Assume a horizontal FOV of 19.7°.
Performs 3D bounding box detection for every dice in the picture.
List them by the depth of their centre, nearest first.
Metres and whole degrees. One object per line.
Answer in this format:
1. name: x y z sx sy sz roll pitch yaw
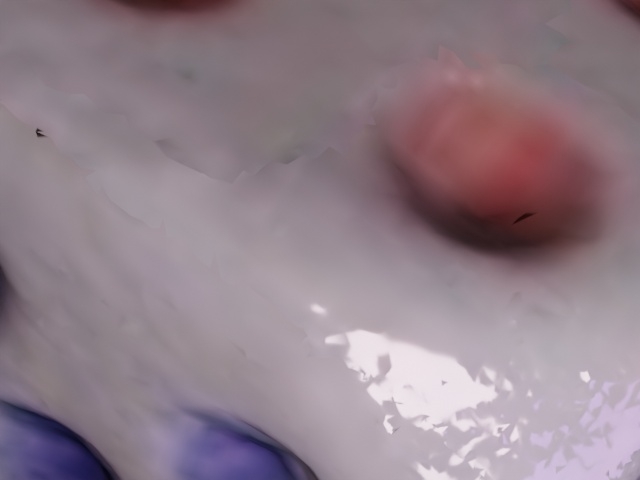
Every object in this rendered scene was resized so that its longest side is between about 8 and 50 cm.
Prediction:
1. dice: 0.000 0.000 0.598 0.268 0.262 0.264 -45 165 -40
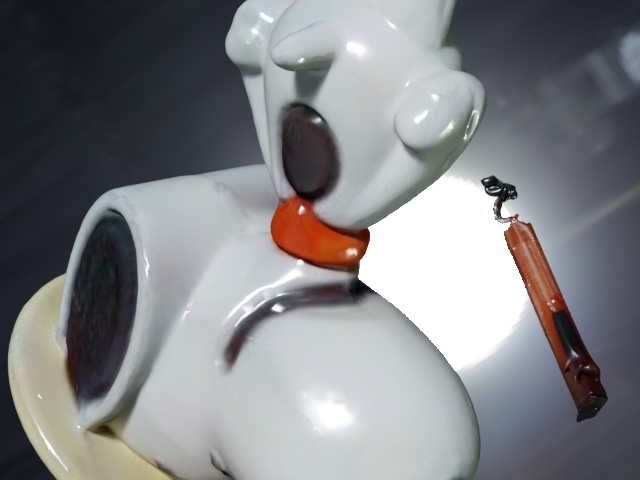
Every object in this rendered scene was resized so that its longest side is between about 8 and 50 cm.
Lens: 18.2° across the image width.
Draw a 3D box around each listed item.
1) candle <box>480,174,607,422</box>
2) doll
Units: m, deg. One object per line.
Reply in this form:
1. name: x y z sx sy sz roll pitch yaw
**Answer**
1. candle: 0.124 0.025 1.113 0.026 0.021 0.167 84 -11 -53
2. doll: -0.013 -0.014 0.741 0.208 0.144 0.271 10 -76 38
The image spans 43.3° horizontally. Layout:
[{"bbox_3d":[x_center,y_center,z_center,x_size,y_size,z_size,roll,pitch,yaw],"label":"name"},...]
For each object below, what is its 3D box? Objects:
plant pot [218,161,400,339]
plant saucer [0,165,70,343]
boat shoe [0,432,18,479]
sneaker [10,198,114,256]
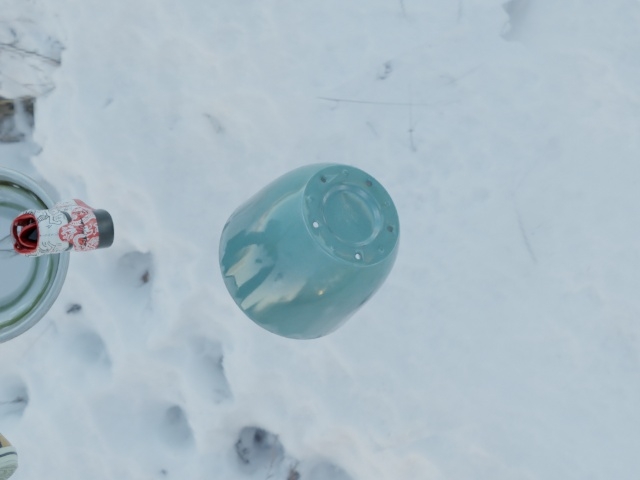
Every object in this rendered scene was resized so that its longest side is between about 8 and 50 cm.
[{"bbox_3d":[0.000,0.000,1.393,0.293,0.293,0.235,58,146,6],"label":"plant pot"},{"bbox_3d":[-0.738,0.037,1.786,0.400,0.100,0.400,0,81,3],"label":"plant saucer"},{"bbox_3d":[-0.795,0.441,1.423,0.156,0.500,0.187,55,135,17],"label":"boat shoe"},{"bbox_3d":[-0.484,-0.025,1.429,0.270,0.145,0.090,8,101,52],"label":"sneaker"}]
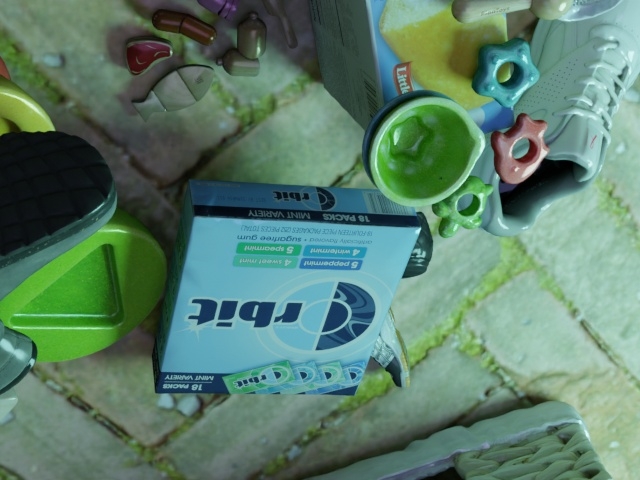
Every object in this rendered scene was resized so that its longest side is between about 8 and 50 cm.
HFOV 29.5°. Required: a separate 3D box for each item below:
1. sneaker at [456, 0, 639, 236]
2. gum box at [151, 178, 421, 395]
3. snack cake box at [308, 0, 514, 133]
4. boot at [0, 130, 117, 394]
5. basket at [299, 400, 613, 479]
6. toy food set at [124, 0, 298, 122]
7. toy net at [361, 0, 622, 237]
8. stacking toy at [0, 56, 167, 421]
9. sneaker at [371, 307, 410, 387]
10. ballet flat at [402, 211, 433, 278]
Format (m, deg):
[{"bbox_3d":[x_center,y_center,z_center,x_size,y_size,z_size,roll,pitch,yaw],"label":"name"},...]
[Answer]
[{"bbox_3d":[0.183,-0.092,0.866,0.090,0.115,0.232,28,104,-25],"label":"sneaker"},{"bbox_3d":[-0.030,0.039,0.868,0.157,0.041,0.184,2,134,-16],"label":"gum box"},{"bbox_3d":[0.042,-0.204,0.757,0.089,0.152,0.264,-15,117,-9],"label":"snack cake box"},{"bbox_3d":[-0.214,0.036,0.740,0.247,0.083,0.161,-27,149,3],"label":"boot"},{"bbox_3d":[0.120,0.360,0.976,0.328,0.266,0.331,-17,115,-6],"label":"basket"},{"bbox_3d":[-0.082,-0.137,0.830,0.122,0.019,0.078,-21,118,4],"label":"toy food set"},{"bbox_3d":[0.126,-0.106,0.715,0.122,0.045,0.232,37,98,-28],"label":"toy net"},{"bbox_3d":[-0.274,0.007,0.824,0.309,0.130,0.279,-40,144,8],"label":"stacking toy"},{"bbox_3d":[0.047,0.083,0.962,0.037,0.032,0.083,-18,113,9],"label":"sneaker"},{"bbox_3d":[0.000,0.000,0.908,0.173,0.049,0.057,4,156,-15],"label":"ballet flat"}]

----------------------------------------

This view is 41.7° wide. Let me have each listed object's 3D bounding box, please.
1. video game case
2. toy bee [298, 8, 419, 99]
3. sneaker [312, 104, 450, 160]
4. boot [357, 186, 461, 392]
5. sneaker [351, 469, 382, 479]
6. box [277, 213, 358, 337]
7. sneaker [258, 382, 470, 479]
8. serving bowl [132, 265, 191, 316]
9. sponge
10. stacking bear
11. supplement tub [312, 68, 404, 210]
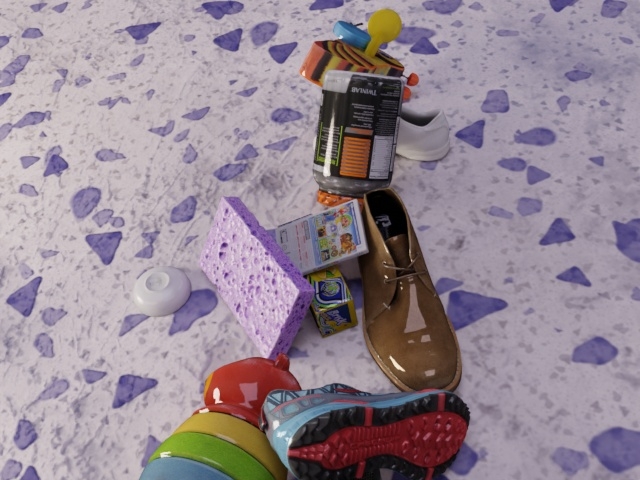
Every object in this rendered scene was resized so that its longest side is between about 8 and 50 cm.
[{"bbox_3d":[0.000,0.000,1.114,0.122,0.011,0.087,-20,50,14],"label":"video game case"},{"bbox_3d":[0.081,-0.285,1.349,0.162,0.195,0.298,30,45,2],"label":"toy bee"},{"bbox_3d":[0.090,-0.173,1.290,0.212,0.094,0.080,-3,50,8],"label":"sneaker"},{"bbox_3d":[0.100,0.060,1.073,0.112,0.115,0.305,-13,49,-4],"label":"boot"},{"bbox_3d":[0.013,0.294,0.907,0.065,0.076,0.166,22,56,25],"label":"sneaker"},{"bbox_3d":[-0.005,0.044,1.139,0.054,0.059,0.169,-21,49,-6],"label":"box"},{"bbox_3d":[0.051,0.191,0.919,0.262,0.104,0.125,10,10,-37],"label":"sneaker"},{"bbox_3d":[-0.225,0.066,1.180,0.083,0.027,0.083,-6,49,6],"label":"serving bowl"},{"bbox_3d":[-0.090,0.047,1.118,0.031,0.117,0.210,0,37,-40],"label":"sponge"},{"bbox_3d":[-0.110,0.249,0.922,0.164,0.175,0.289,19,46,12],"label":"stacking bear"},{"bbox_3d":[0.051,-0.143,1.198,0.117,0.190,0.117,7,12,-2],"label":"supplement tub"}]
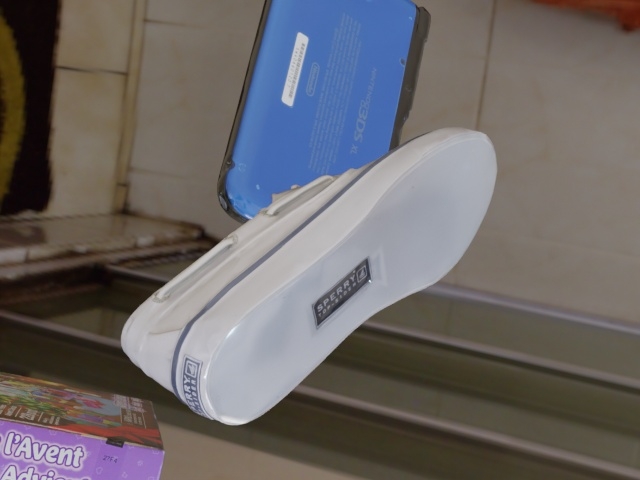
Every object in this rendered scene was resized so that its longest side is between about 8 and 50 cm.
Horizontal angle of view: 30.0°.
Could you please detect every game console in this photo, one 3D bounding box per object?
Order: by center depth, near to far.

----------------------------------------

Out of the listing above, reproduce exactly the lines from the one with "1) candle <box>480,174,607,422</box>" up to and including the one with "sneaker [10,198,114,256]".

1) candle <box>480,174,607,422</box>
2) doll
Units: m, deg. One object per line.
Reply in this form:
1. name: x y z sx sy sz roll pitch yaw
**Answer**
1. candle: 0.124 0.025 1.113 0.026 0.021 0.167 84 -11 -53
2. doll: -0.013 -0.014 0.741 0.208 0.144 0.271 10 -76 38
The image spans 43.3° horizontally. Layout:
[{"bbox_3d":[x_center,y_center,z_center,x_size,y_size,z_size,roll,pitch,yaw],"label":"name"},...]
For each object below, what is its 3D box? Objects:
plant pot [218,161,400,339]
plant saucer [0,165,70,343]
boat shoe [0,432,18,479]
sneaker [10,198,114,256]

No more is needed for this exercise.